Just thoughts, I’m not a dev, just think that SemVer is very neat. Perhaps it is OK to do some very minor releases as bugfix releases as long as that’s carefully monitored and not allowed to allow bigger and bigger features as ‘bugfixes’…
Do we have any docs for how this works?
It’s described under
app properties right here:
I see now that the description a bit brief, I’ll extend it a little.
I realise this is a bit late in the piece but I wonder if instead of having userd launch the app, why not instead when the snap is installed, install symlinks in
$HOME/.config/autostart/xxxx.desktop -> $HOME/snap/xxxx/current/.config/autostart/xxxx.desktop - then the usual session launcher can start the app rather than having userd need to do it via the symlinked desktop files (which may or may not actually exist)? This way the app would get listed in GNOME Tweaks / whatever the usual way users choose to autostart apps, as currently if a snap is autostarted via userd this is invisible to the normal app autostart bits.
It has been a while, but IIRC the motivation was that we do not allow snaps to just dump the files in
$HOME/.config/autostart (as in the real user’s $HOME), but instead each snap is presented with
$HOME pointing to
~/snap/<snap>/current, which AFAIK is not looked into by any of the session startup helpers.
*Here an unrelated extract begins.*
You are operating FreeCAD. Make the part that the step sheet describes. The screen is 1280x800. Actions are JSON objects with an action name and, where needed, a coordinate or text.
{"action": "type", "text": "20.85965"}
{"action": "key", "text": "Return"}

We could work around that by having
snap userd create the symlinks, but that comes with yet another potential problem,
userd would have to run early in the session startup to generate the symlinks before those are looked at by the session startup. When working autostart, I explored this path and could get it to sort-of work when I used a systemd user unit for userd, but it seemed as a less than optimal solution at the time.
However, I agree not being able to disable given app is potentially a problem. Wondering if there’s something we could do something about that.
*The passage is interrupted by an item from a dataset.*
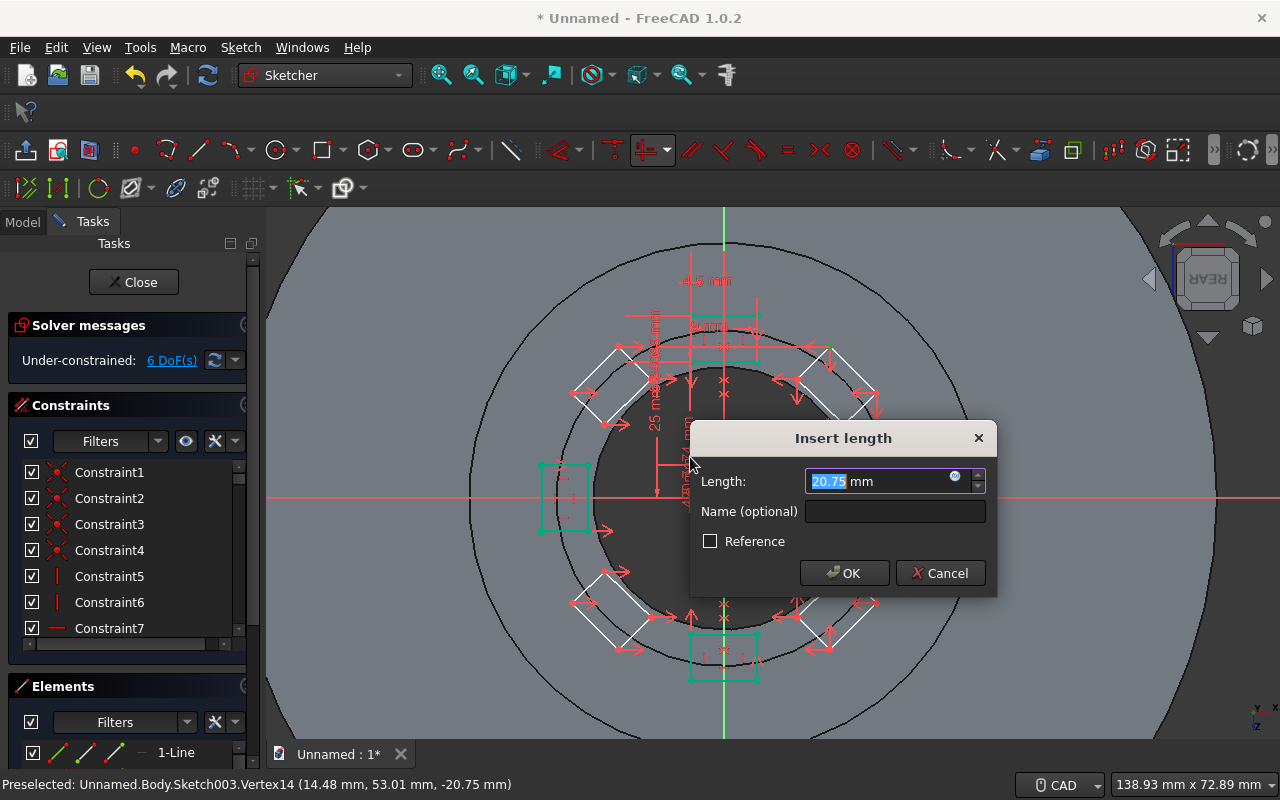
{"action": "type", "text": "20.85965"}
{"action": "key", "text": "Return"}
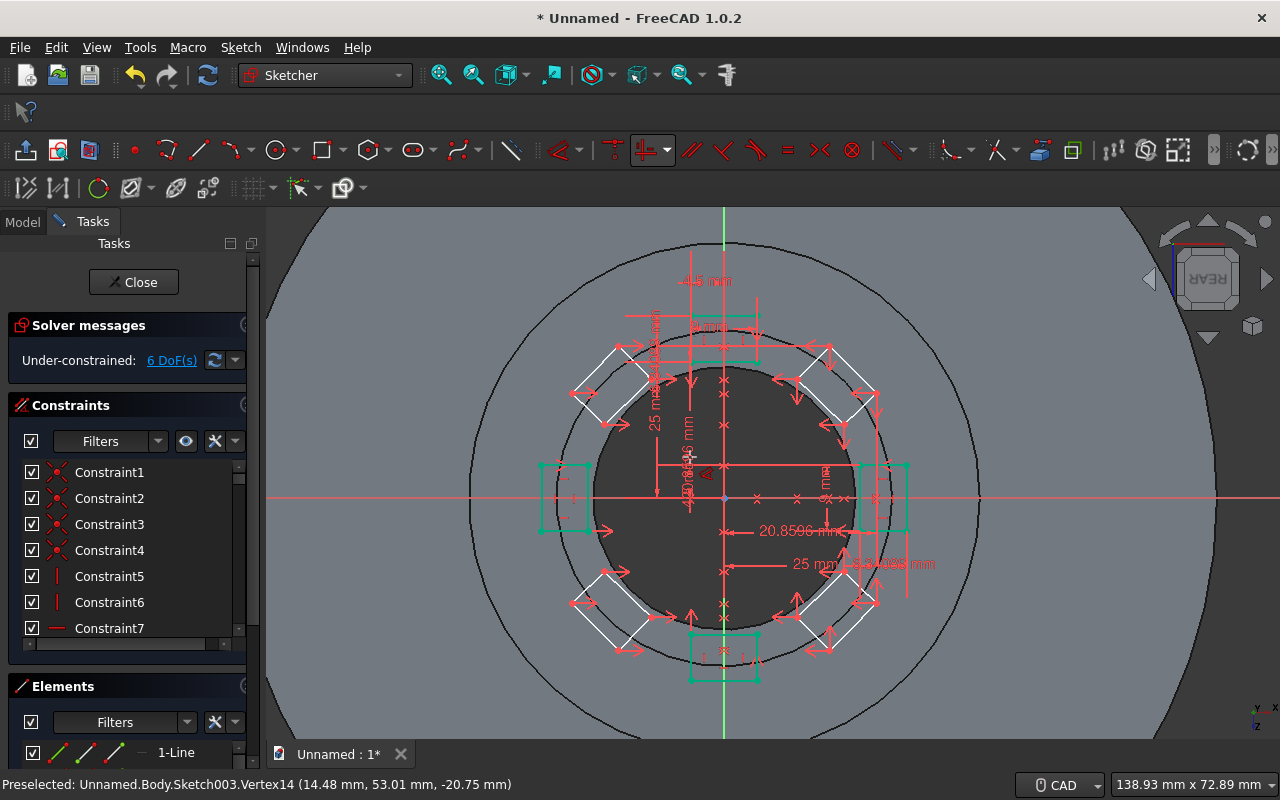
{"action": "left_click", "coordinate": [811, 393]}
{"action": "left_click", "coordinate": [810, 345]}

I was assuming that the snap launcher would install the symlinks when it first runs the app, or perhaps snapd could do it when installing the application?
Or we just patch gnome-tweaks etc to look for them the same way userd does currently so it can present them to the user?
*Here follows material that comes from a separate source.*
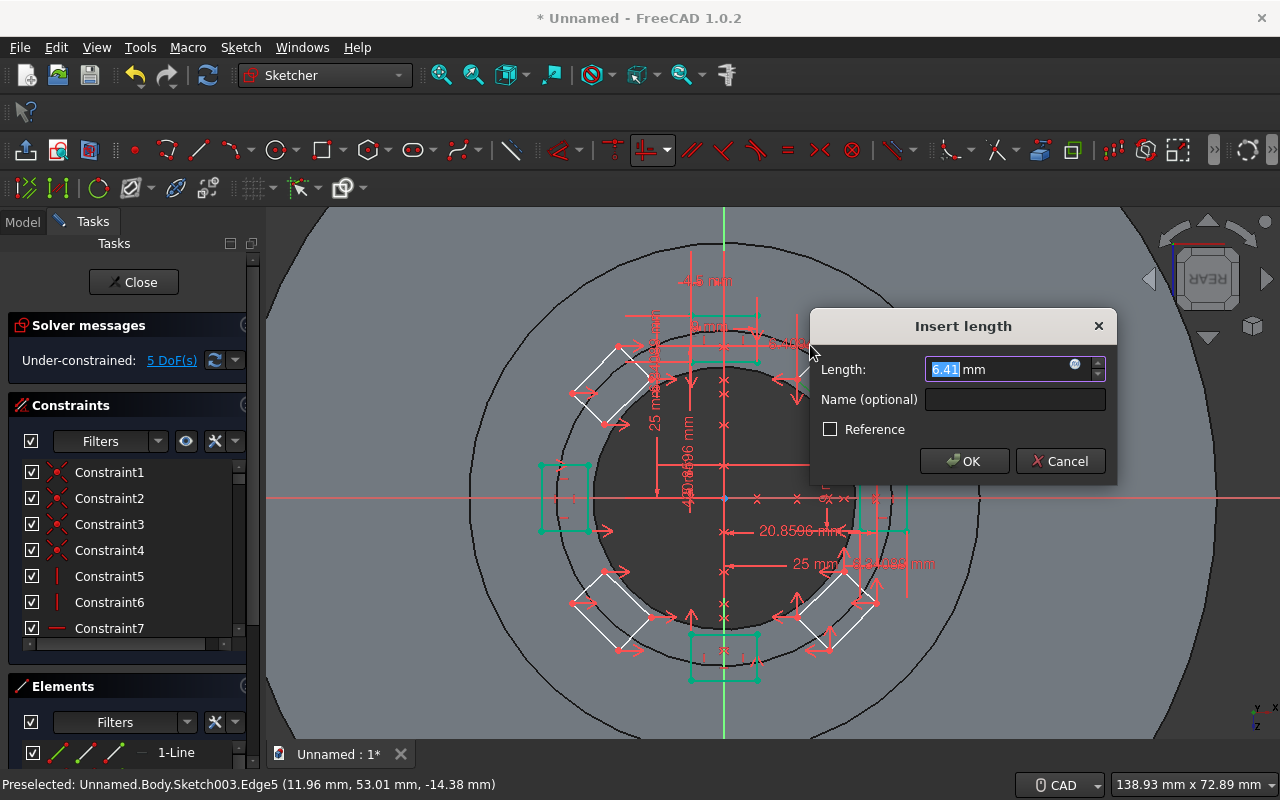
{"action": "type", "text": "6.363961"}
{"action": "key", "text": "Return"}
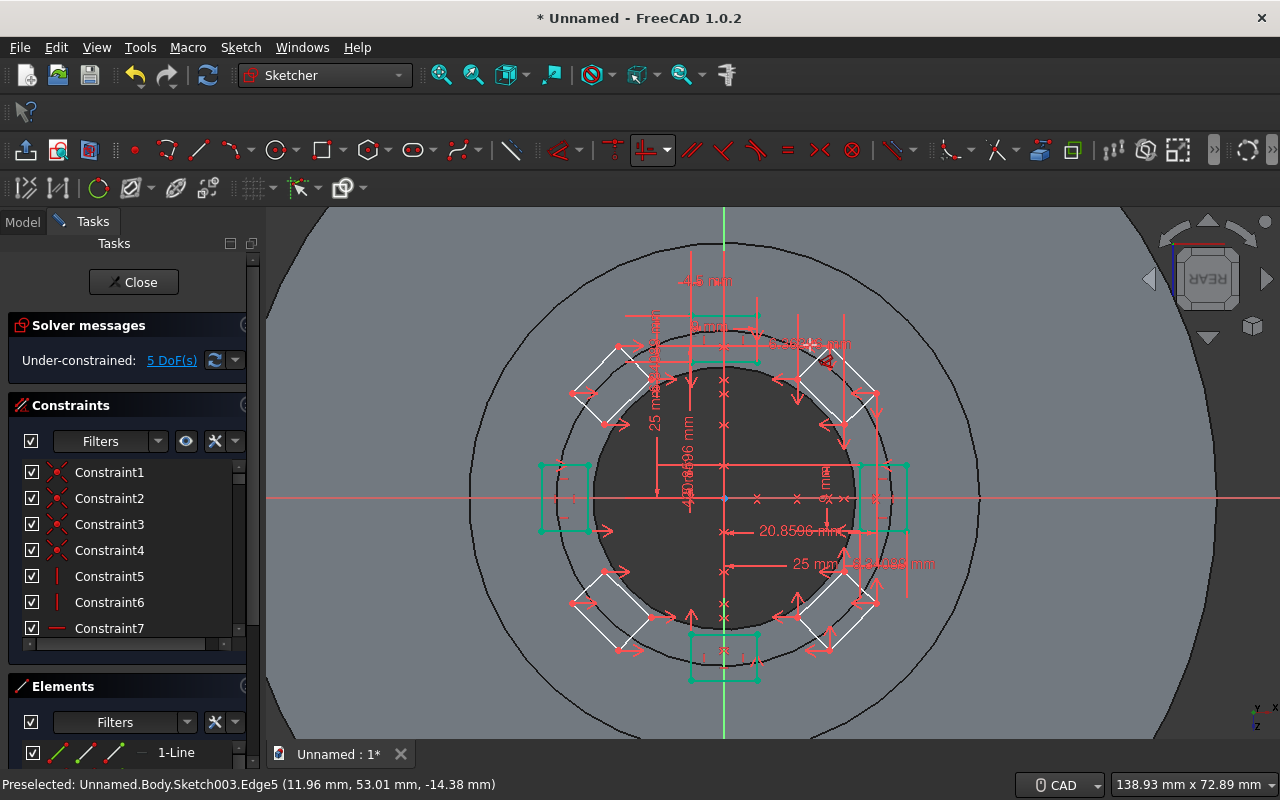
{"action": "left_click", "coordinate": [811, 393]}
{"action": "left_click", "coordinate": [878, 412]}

We do not set up any snap apps to be autostarted by default. It is expected that the app requires a user action (a checkbox you need to tick?) to trigger the file to be dumped at the right location. I would be pretty annoyed if just installing
skype snap would make it start always when I log in.
Sounds like an easy workaround. I would expect some bugs from apps that do not look at whether their autostart file is present or record the state of user’s choice separately and that becomes out of sync once gnome-tweak disables/removes the desktop file. Though, this is not snap specific and would behave the same if app came from the usual packaging.
@alexmurray (cc @mborzecki): we don’t want symlinks from ~/.config/autostart into the snap’s area because the snap could adjust the desktop file’s Exec line to not run under confinement. The behavior is what it is in part to ensure that there isn’t a sandbox escape (userd rewrites the desktop file).